As for the differences in sales curves, that's actually reflective of how much
easier it is to find and purchase new apps on the App Store (as well as the
increased competition -> price reduction that their aggregation provides), as
opposed to having hundreds or thousands of different purchase sites with their
own method for payment processing. Also note that most iPhone apps tend to be
for entertainment, for which an early sales spike and sudden drop-off is the
norm regardless of platform...or medium.

------
cubicle67
I keep reading all these stories about how bad the App Store is, and how you
can't sell stuff after the first few days. I've got one app up there that took
me a day to write, is typical of the 'this is my first iPhone app' apps,
hasn't been updated in about 5 months (and thus would be _well_ towards the
back of the pack) and yet still sells a moderate number of copies each month.

------
quantumhobbit
"To those of you who keep building things anyway: rock on."

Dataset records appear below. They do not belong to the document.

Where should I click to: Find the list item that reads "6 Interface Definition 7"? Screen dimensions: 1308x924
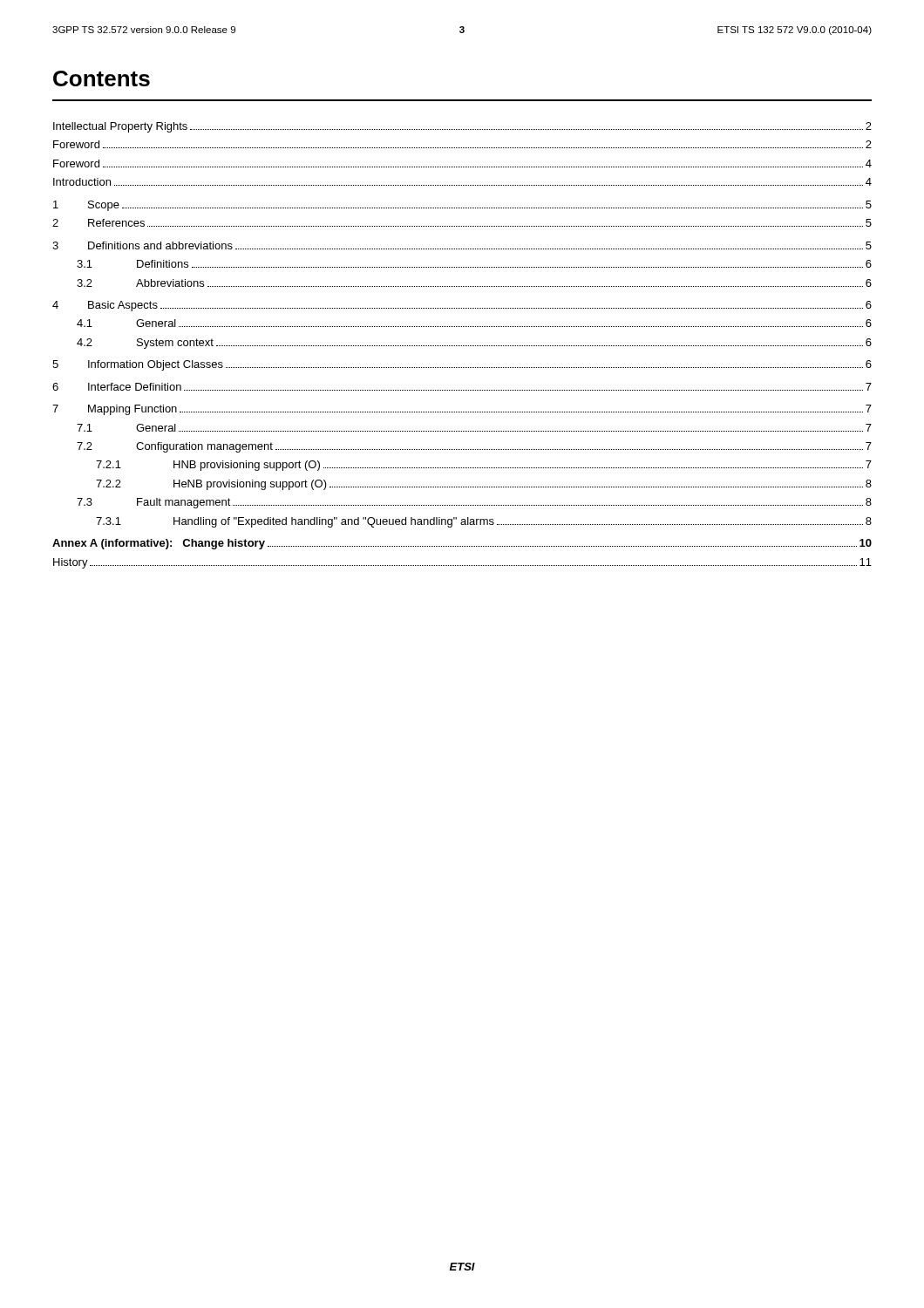[462, 387]
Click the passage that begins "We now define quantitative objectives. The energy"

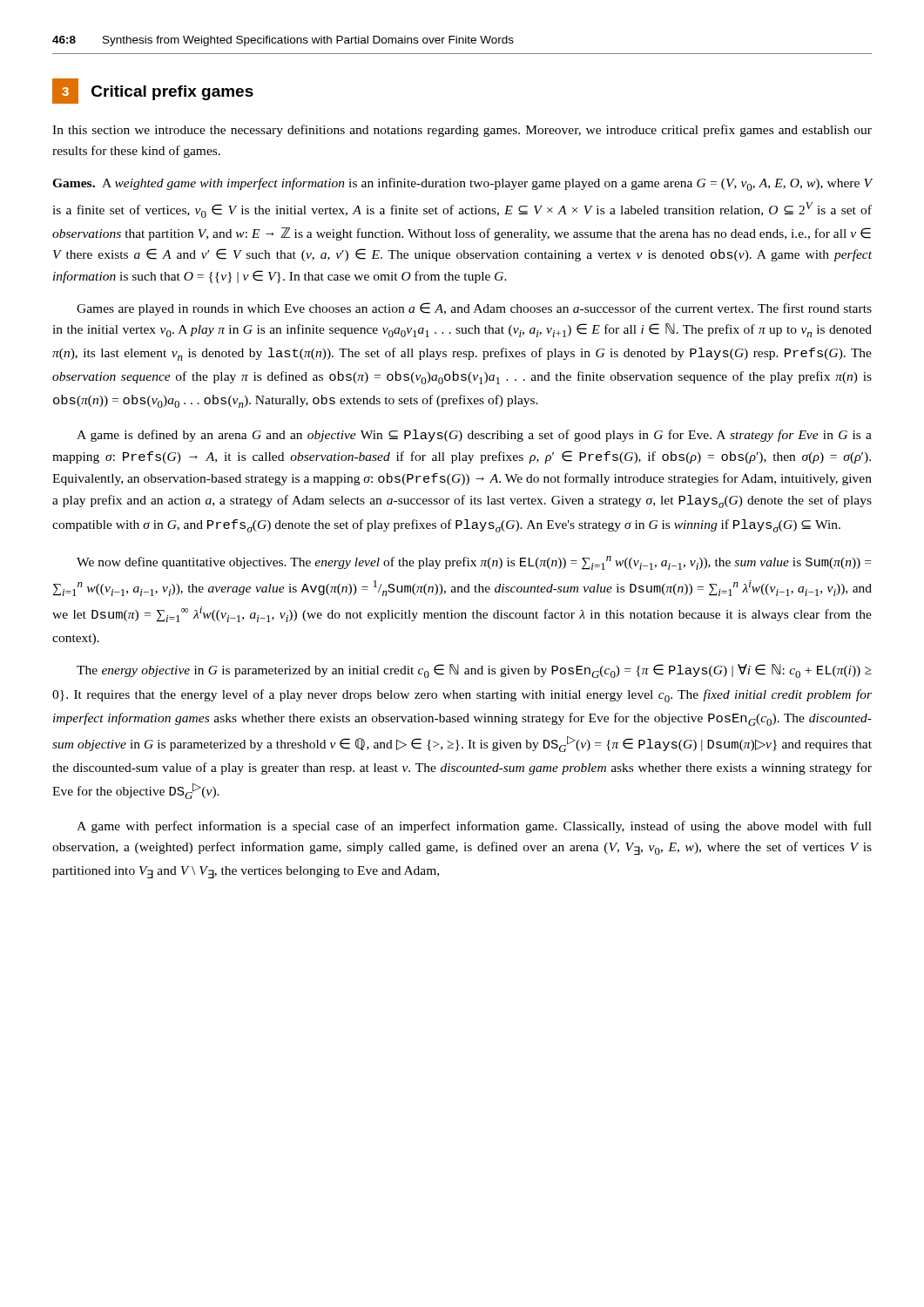pos(462,598)
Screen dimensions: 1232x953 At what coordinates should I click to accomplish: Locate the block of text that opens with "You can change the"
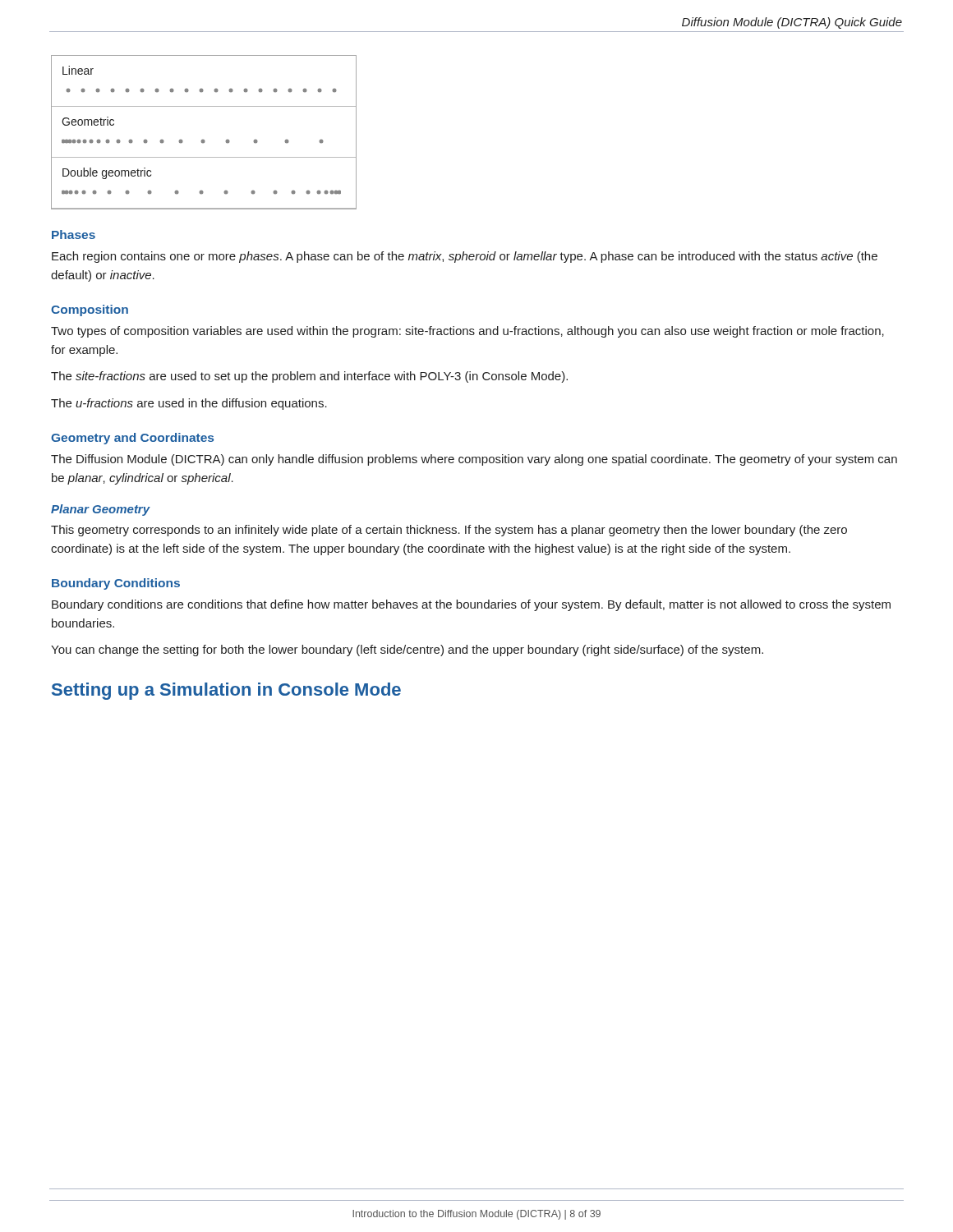[x=476, y=650]
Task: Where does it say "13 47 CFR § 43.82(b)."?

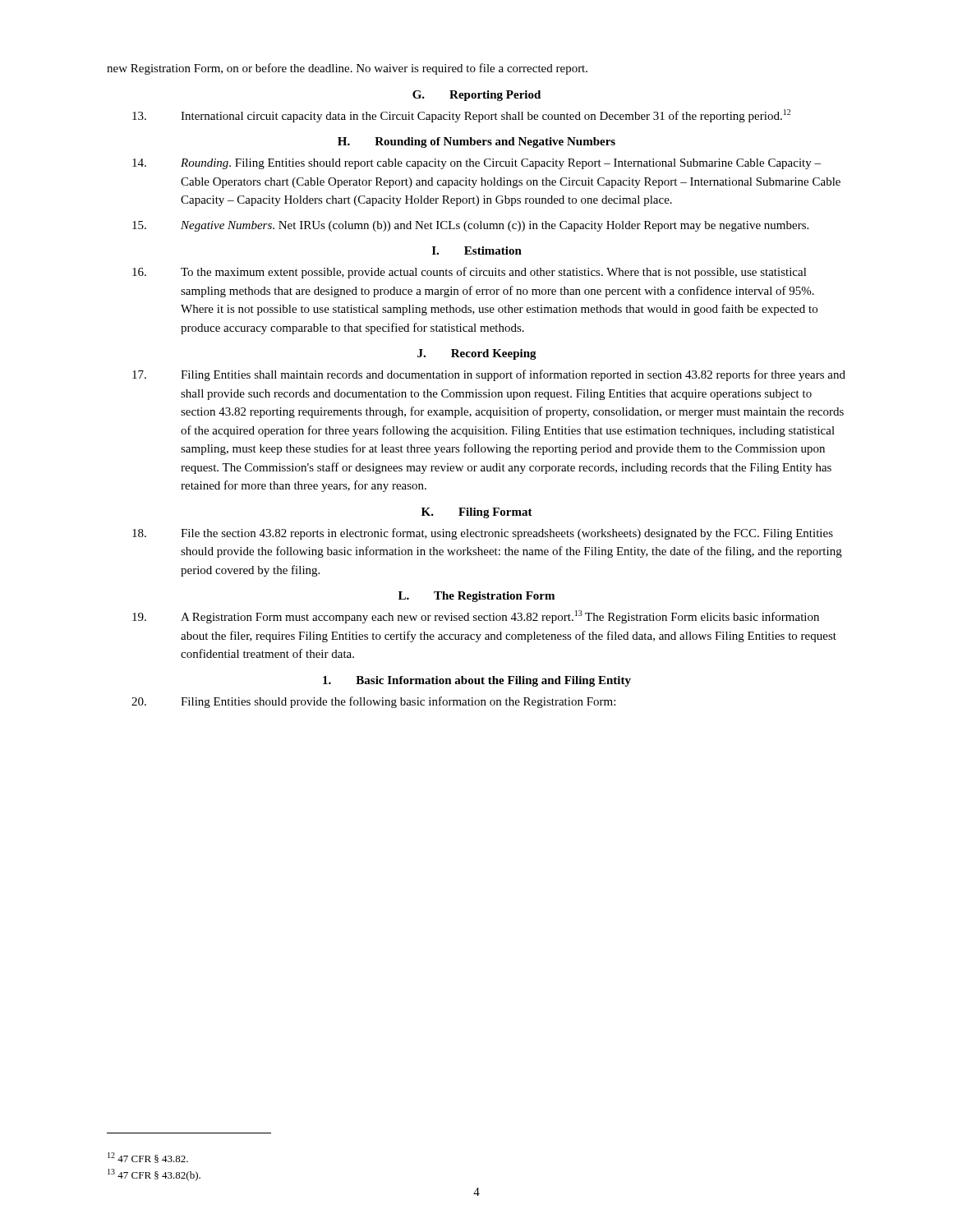Action: [x=154, y=1174]
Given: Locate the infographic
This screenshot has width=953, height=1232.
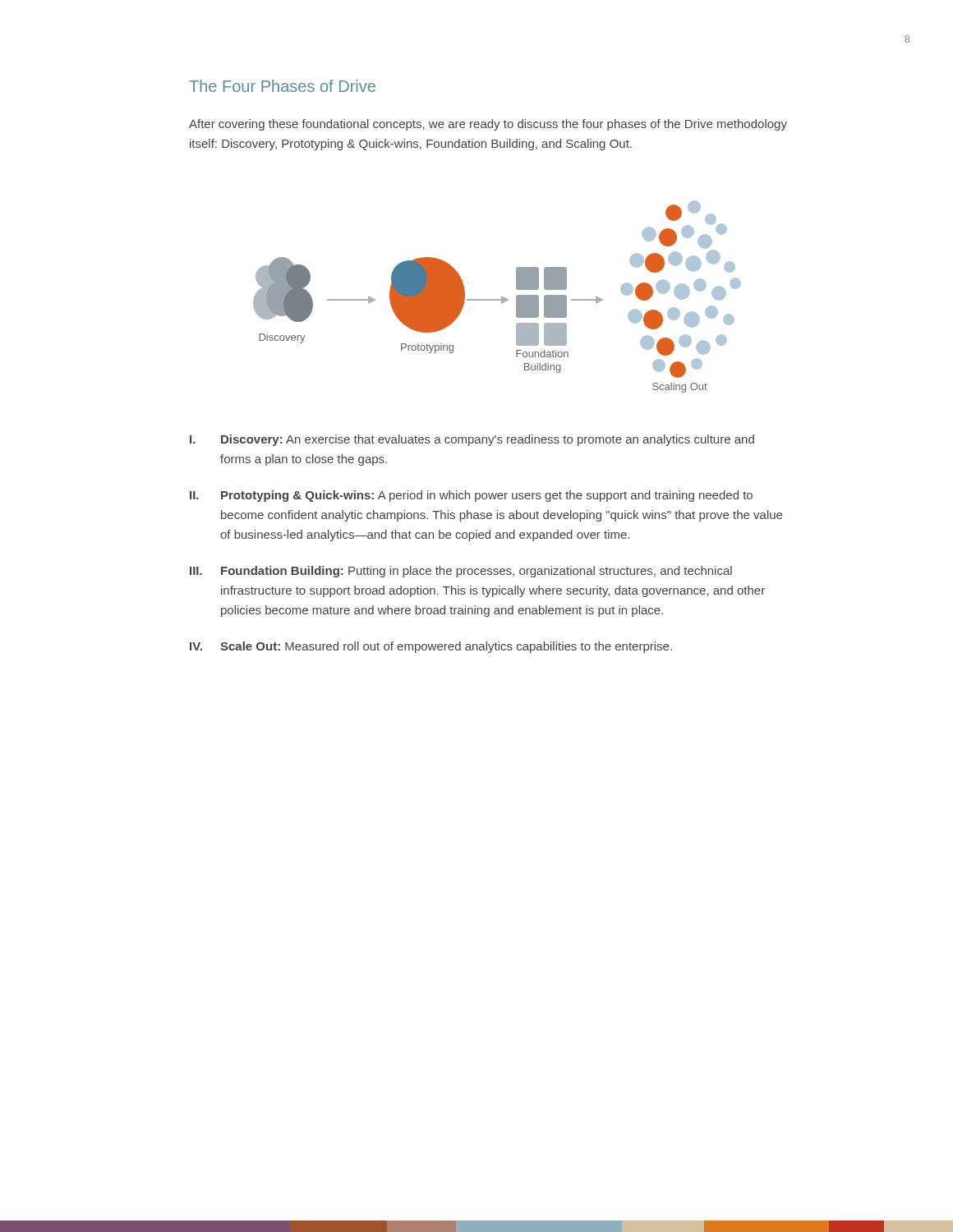Looking at the screenshot, I should pyautogui.click(x=476, y=292).

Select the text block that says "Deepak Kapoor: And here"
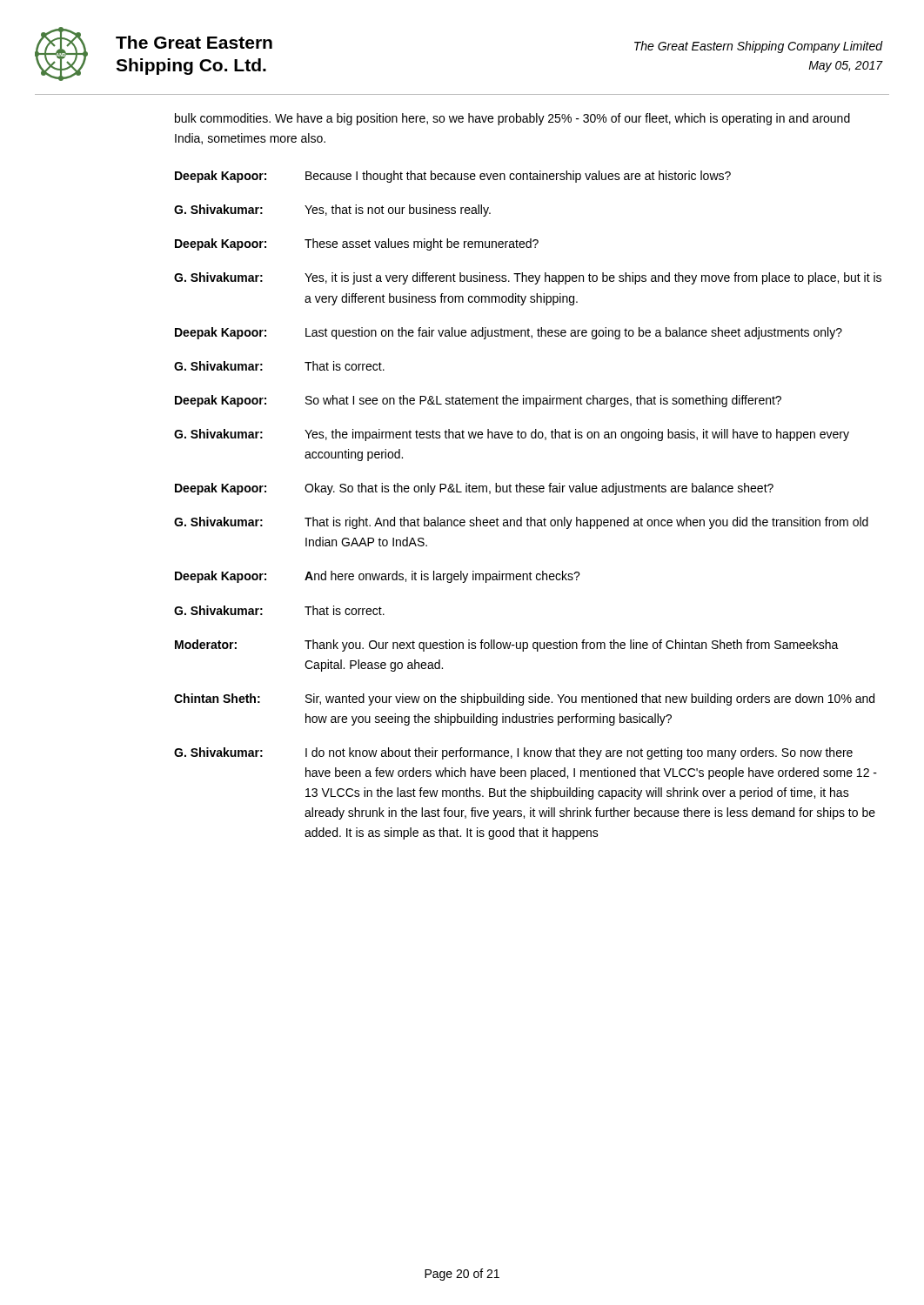pos(528,577)
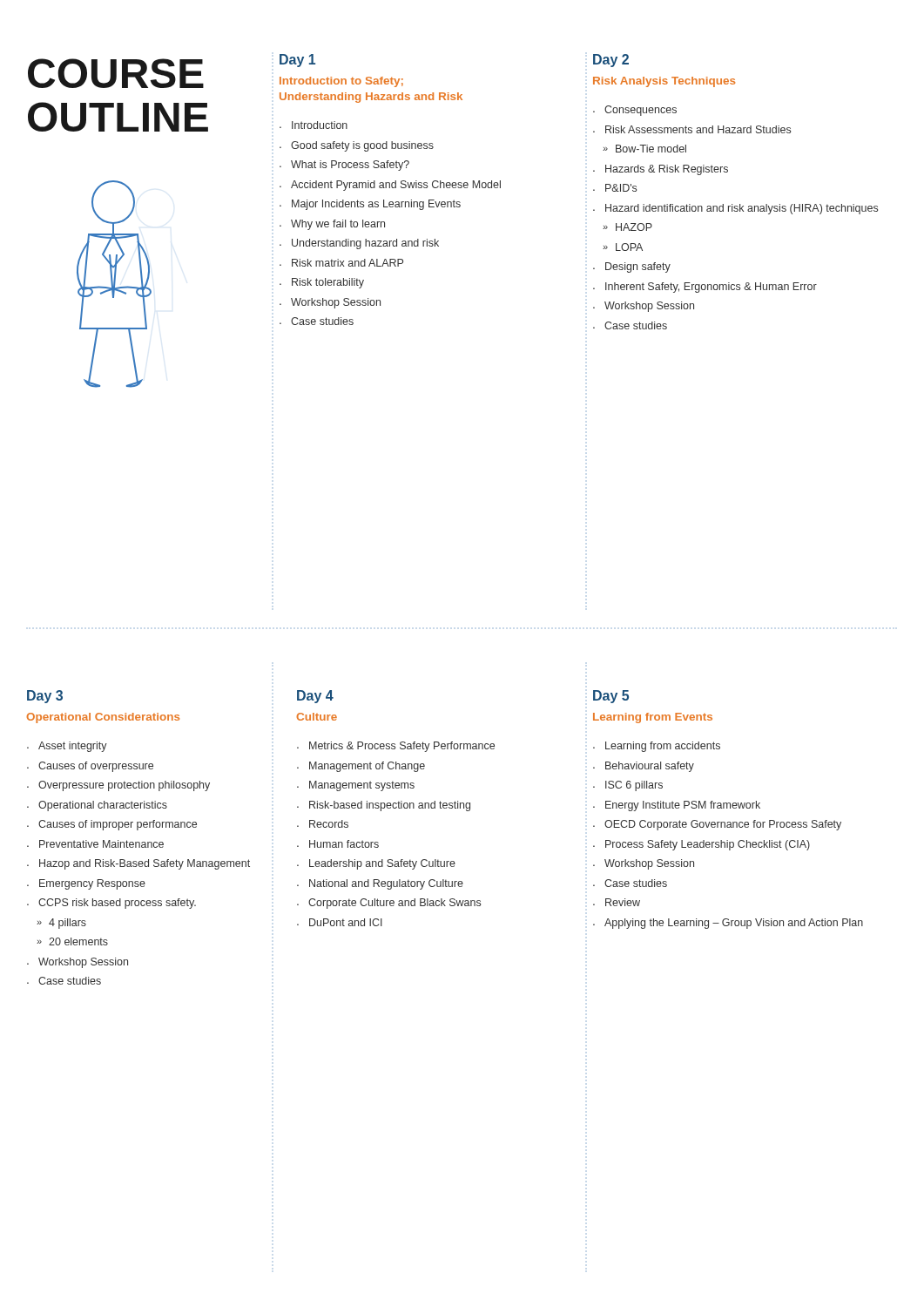Click on the text block starting "Understanding hazard and risk"
Image resolution: width=924 pixels, height=1307 pixels.
(x=365, y=243)
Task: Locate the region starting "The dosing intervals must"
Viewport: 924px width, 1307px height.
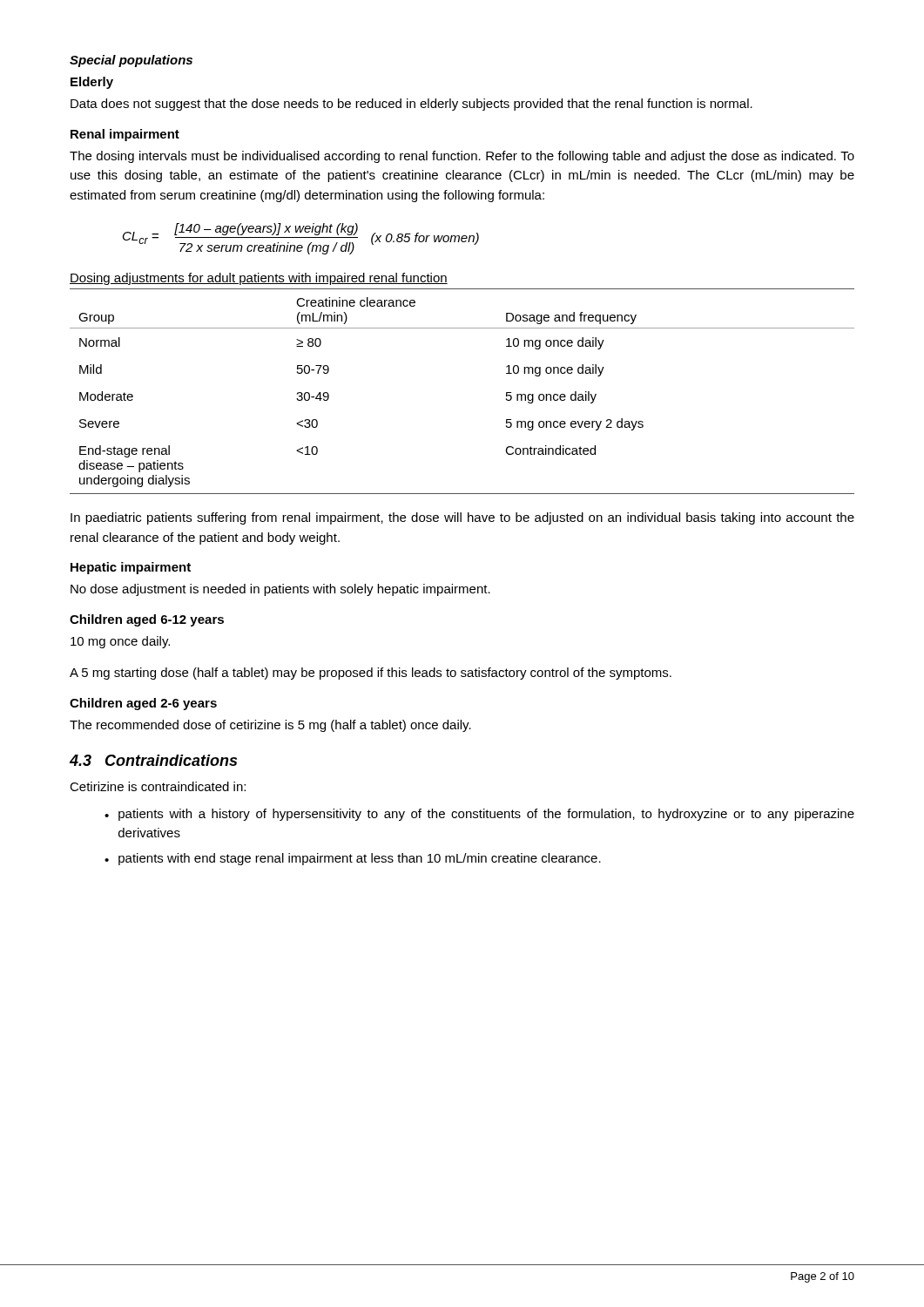Action: pos(462,175)

I think that for developers and pretty much anyone in a creative pursuit the
above mentality is key. If you set out to build something solely for the money
you are not going to produce something of the same quality as someone who
builds something they want to build anyway, and consequently you will fail at
your objective.

------
mattmaroon
"Strom likens the App Store to a lottery, with the time and cost spent
developing your application as the price of admission. And I think he’s right
in this respect. The thing is, I don’t really see how this differs from many
professions where the rich and elite are given heavy media coverage while
everyone else toils away in obscurity."

Maybe not, but it's a lot different than developing for the web or Facebook,
where you can continuously iterate on your product, get better over time,
attract a few loyal users and expand from there. The difference between iPhone
and other software platforms is like the difference between trying to become a
pop star or starting a software company.

------
trillablue
Inevitably every dev that comments for an article on how the App Store is
flawed/overhyped falls into one of two categories:

1\. Those that relied on merely having their app in the app store to generate
purchases. 2\. Those that spent far too long and far too much developing an
app then fell into trap #1.

------
TweedHeads
The AppStore has become such a successful magnet for developers that it is
being attacked from every front just to push them away from the ecosystem.

They are afraid Objective-C and XCode become the next development platform.

Well you know what? With all its defects, it is still the number one
marketplace for online apps. And Objective-C, a complete unknown a couple of
years ago, is hotter than never.

Period.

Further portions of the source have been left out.